Most of the problem, which these funds are admitting by inference, is that the value they are telling everyone the unlisted assets are worth is not the true value.
A few industry funds have written down assets. For example, AustralianSuper has revalued its unlisted infrastructure and property holdings downwards by 7.5%.
But look at the rest of the market. The listed property sector is off more than 40%. Airports? Down 30%+. Private Equity? Ha! You are telling me that illiquid shares are worth a few per cent less while listed shares are down 25%+ and illiquid bonds aren’t even trading?
The writedowns help, but are nowhere near the level the assets would sell for today...
This, according to Klassen, can lead to perverse incentives and a ‘prisoner’s dilemma’, whereby those that withdraw funds early before assets have been written down will receive an over-sized redemption, whereas those that remain in the fund will have their investment value diluted.

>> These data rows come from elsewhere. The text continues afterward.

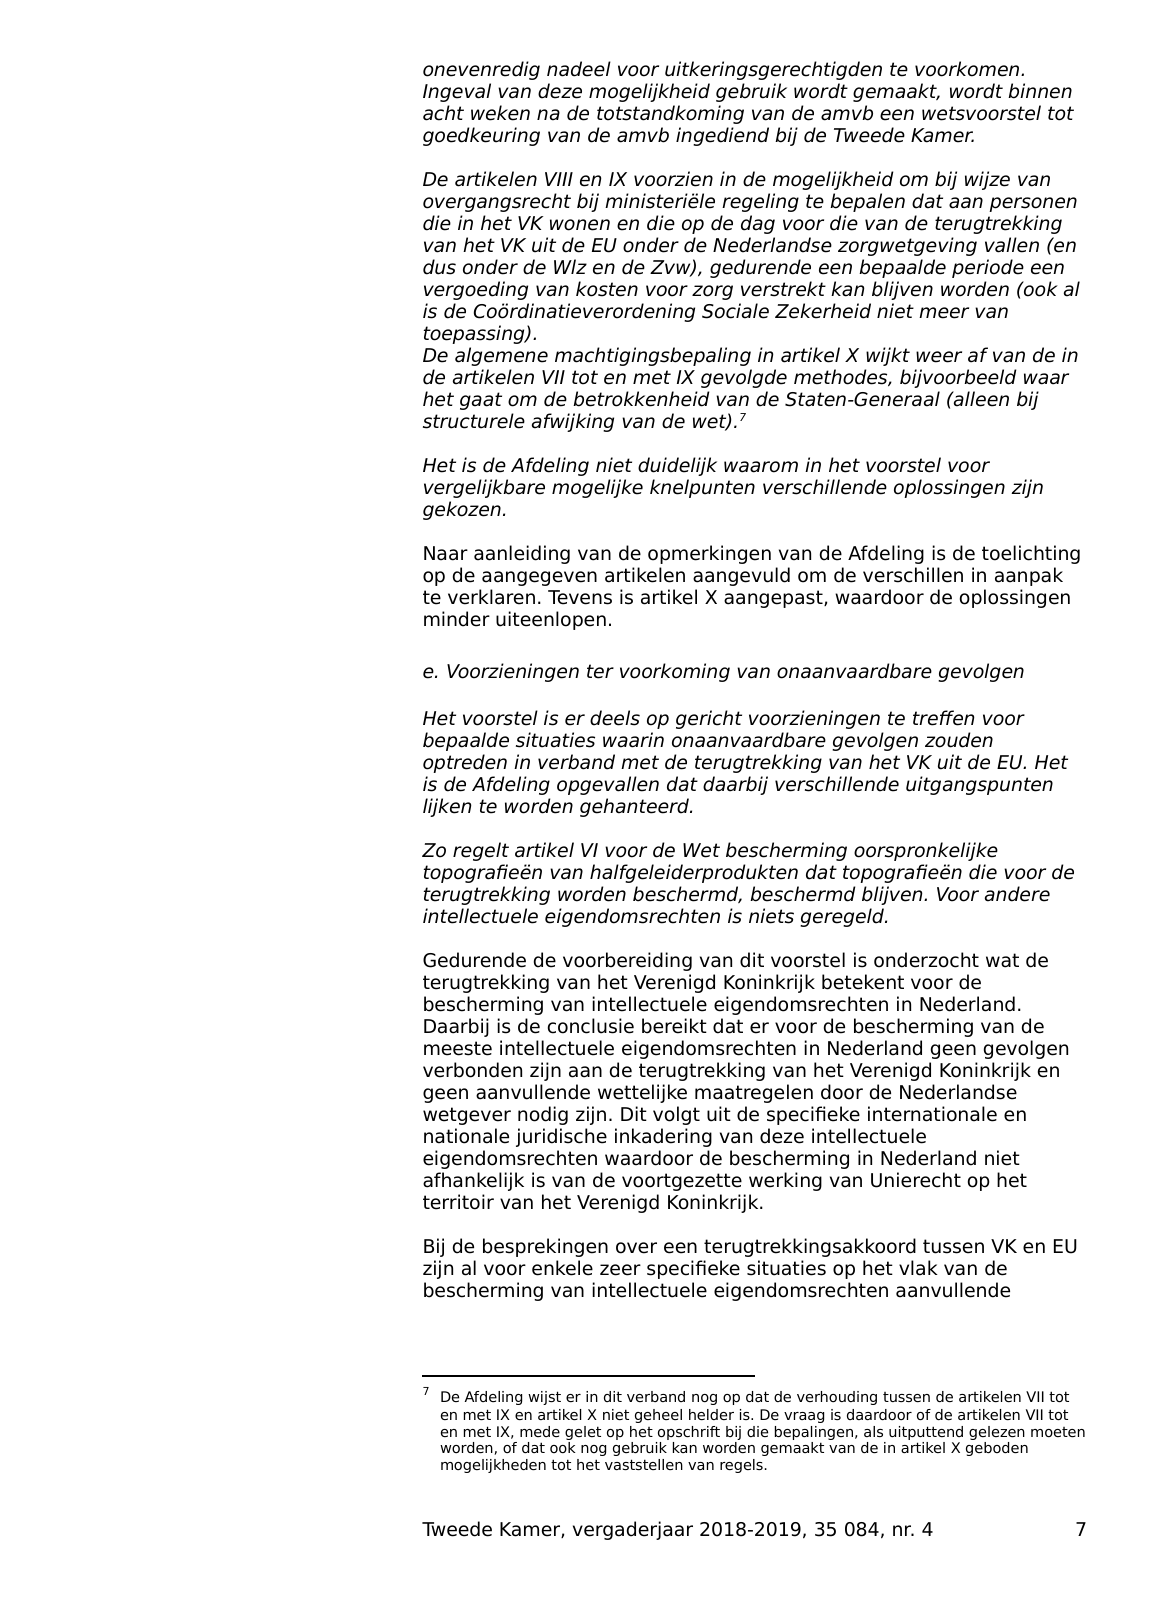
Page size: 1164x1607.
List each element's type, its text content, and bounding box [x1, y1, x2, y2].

subtitle e. Voorzieningen ter voorkoming van onaanvaardbare gevolgen [422, 661, 1087, 683]
text onevenredig nadeel voor uitkeringsgerechtigden te voorkomen. Ingeval van deze mogelijkheid gebruik wordt gemaakt, wordt binnen acht weken na de totstandkoming van de amvb een wetsvoorstel tot goedkeuring van de amvb ingediend bij de Tweede Kamer. [422, 59, 1087, 147]
text De Afdeling wijst er in dit verband nog op dat de verhouding tussen de artikelen VII tot en met IX en artikel X niet geheel helder is. De vraag is daardoor of de artikelen VII tot en met IX, mede gelet op het opschrift bij die bepalingen, als uitputtend gelezen moeten worden, of dat ook nog gebruik kan worden gemaakt van de in artikel X geboden mogelijkheden tot het vaststellen van regels. [422, 1385, 1087, 1474]
text Bij de besprekingen over een terugtrekkingsakkoord tussen VK en EU zijn al voor enkele zeer specifieke situaties op het vlak van de bescherming van intellectuele eigendomsrechten aanvullende [422, 1236, 1087, 1302]
text De algemene machtigingsbepaling in artikel X wijkt weer af van de in de artikelen VII tot en met IX gevolgde methodes, bijvoorbeeld waar het gaat om de betrokkenheid van de Staten-Generaal (alleen bij structurele afwijking van de wet). [422, 345, 1087, 433]
text Naar aanleiding van de opmerkingen van de Afdeling is de toelichting op de aangegeven artikelen aangevuld om de verschillen in aanpak te verklaren. Tevens is artikel X aangepast, waardoor de oplossingen minder uiteenlopen. [422, 543, 1087, 631]
text Het voorstel is er deels op gericht voorzieningen te treffen voor bepaalde situaties waarin onaanvaardbare gevolgen zouden optreden in verband met de terugtrekking van het VK uit de EU. Het is de Afdeling opgevallen dat daarbij verschillende uitgangspunten lijken te worden gehanteerd. [422, 708, 1087, 818]
text De artikelen VIII en IX voorzien in de mogelijkheid om bij wijze van overgangsrecht bij ministeriële regeling te bepalen dat aan personen die in het VK wonen en die op de dag voor die van de terugtrekking van het VK uit de EU onder de Nederlandse zorgwetgeving vallen (en dus onder de Wlz en de Zvw), gedurende een bepaalde periode een vergoeding van kosten voor zorg verstrekt kan blijven worden (ook al is de Coördinatieverordening Sociale Zekerheid niet meer van toepassing). [422, 169, 1087, 345]
text Het is de Afdeling niet duidelijk waarom in het voorstel voor vergelijkbare mogelijke knelpunten verschillende oplossingen zijn gekozen. [422, 455, 1087, 521]
text Zo regelt artikel VI voor de Wet bescherming oorspronkelijke topografieën van halfgeleiderprodukten dat topografieën die voor de terugtrekking worden beschermd, beschermd blijven. Voor andere intellectuele eigendomsrechten is niets geregeld. [422, 840, 1087, 928]
text Gedurende de voorbereiding van dit voorstel is onderzocht wat de terugtrekking van het Verenigd Koninkrijk betekent voor de bescherming van intellectuele eigendomsrechten in Nederland. Daarbij is de conclusie bereikt dat er voor de bescherming van de meeste intellectuele eigendomsrechten in Nederland geen gevolgen verbonden zijn aan de terugtrekking van het Verenigd Koninkrijk en geen aanvullende wettelijke maatregelen door de Nederlandse wetgever nodig zijn. Dit volgt uit de specifieke internationale en nationale juridische inkadering van deze intellectuele eigendomsrechten waardoor de bescherming in Nederland niet afhankelijk is van de voortgezette werking van Unierecht op het territoir van het Verenigd Koninkrijk. [422, 950, 1087, 1214]

So, maybe the first step should be to actually write down the assets to an accurate value so that people who are leaving don’t shift the cost onto those who are staying?
I’ll leave it to you to decide whether industry superannuation funds’ heavy exposure to illiquid assets is a strength or weakness!
I’ve got rid of what is irrelevant to get the message across. As I’ve mentioned in a previous post that the Coalition is listening to the Retail Funds who wish to destroy the Industry Funds!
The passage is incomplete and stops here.